Problem details:
Look through the data below for the line with "#5 large metal block [477,602,907,1020]" and the line with "#6 small metal block [425,713,867,1056]", then output those two and all lines in between, exactly as written.

★ ★ ★ ★ ★ ★ ★

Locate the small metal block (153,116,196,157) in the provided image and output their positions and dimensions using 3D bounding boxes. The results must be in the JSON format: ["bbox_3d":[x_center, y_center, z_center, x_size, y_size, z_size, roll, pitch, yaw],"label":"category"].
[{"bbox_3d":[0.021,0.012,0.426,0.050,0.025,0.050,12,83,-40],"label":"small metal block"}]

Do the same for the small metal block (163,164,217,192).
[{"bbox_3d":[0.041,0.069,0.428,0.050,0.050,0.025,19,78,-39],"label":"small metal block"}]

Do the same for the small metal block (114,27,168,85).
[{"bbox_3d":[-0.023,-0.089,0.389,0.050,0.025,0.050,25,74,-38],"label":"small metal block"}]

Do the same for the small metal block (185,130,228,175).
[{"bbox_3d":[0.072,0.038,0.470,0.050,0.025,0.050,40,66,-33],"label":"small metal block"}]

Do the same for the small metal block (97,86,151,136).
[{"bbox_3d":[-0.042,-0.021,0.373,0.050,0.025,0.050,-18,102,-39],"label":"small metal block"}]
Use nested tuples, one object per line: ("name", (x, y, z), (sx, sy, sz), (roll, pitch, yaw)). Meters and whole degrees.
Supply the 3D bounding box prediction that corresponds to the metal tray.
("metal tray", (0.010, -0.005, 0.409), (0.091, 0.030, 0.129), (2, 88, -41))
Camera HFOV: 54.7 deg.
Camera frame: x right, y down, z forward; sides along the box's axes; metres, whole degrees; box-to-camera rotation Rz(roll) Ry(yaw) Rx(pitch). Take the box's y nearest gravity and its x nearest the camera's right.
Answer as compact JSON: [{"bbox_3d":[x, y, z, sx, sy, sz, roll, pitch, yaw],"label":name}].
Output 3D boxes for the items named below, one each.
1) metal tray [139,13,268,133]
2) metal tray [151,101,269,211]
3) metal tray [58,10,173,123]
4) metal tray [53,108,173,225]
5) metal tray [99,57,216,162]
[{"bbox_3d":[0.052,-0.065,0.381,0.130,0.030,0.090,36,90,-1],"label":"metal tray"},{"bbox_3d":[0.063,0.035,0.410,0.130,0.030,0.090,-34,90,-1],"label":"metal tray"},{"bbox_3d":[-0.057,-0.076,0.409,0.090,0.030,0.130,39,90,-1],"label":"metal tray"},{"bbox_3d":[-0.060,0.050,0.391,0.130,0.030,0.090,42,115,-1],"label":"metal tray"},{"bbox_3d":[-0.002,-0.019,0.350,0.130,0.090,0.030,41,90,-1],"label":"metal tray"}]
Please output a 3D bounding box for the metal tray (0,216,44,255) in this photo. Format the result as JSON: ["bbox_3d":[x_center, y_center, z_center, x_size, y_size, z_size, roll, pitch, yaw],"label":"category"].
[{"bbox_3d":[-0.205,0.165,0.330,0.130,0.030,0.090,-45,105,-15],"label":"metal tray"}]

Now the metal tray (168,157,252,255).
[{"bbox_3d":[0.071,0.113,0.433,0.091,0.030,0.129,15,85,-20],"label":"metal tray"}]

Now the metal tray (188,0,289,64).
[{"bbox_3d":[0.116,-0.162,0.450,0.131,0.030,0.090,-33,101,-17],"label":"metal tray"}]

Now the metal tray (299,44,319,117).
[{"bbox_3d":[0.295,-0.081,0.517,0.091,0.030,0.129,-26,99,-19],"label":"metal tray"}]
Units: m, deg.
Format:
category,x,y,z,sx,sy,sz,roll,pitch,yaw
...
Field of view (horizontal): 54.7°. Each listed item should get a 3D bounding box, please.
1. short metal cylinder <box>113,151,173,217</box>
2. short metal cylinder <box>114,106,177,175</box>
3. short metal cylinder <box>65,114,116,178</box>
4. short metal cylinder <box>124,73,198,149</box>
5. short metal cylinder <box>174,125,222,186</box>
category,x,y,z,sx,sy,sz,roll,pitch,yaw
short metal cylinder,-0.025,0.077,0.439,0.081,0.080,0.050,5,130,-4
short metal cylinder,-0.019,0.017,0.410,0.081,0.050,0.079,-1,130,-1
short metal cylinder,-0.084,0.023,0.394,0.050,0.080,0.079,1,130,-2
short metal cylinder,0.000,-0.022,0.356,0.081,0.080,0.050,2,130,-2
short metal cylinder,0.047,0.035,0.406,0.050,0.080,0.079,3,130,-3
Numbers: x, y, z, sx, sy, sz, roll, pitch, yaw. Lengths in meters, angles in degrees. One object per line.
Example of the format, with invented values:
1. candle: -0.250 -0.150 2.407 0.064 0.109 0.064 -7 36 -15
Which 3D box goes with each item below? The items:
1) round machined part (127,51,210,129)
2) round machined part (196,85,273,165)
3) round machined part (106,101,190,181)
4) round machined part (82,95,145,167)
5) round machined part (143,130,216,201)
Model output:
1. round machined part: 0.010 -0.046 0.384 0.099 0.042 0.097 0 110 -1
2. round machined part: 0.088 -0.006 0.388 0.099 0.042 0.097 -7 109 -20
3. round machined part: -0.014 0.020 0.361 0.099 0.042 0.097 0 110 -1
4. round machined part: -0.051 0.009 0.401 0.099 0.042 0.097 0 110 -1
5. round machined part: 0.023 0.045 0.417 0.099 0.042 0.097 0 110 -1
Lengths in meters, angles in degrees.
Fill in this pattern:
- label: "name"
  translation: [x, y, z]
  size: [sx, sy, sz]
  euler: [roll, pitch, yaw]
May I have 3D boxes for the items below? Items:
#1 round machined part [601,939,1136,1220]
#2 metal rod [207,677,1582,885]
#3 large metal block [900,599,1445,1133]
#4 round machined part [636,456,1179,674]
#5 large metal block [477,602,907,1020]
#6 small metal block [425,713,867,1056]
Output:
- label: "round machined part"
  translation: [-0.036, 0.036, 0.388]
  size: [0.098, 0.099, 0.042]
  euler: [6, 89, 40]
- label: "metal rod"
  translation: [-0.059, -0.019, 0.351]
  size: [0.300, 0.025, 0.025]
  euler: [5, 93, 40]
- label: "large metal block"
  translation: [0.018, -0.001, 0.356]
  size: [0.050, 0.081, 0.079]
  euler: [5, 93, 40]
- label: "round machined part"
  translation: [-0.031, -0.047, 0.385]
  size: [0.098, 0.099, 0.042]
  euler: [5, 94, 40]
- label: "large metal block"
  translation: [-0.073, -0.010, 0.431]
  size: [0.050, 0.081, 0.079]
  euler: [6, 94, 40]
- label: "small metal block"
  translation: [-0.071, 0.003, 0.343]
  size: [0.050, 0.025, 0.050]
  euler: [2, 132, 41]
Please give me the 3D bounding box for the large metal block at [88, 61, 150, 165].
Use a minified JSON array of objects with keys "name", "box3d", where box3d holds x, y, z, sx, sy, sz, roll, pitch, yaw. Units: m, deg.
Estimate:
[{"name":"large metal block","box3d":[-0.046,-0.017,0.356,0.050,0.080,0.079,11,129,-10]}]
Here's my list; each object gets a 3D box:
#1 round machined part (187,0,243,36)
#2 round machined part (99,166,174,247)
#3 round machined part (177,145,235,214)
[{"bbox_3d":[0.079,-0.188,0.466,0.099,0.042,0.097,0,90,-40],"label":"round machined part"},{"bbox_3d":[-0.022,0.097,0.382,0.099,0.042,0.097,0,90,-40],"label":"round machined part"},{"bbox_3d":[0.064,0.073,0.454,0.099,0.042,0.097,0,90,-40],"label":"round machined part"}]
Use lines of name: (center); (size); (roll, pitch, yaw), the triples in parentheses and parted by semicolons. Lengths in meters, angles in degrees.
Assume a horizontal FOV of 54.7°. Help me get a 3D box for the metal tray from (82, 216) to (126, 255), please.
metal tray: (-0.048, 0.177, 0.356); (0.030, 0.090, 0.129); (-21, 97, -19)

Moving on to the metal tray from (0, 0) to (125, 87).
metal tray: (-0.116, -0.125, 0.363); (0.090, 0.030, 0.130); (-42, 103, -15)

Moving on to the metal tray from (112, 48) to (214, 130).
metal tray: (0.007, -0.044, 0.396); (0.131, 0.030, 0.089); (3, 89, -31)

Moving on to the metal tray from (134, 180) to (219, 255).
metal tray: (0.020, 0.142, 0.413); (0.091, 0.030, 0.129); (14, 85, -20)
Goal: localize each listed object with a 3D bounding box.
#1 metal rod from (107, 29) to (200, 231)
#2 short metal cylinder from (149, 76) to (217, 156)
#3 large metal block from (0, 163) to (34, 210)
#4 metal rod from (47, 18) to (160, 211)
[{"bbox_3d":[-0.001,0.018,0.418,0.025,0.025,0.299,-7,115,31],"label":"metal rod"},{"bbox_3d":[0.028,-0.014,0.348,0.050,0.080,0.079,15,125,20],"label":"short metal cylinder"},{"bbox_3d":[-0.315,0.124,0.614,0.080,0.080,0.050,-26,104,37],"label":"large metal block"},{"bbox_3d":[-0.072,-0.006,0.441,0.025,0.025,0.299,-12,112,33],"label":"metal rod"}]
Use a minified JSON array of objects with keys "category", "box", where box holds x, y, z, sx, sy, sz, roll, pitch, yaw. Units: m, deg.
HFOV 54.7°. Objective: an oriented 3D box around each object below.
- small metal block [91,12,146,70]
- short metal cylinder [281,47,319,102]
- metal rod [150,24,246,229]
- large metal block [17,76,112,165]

★ ★ ★ ★ ★ ★ ★

Answer section:
#5 large metal block [477,602,907,1020]
#6 small metal block [425,713,867,1056]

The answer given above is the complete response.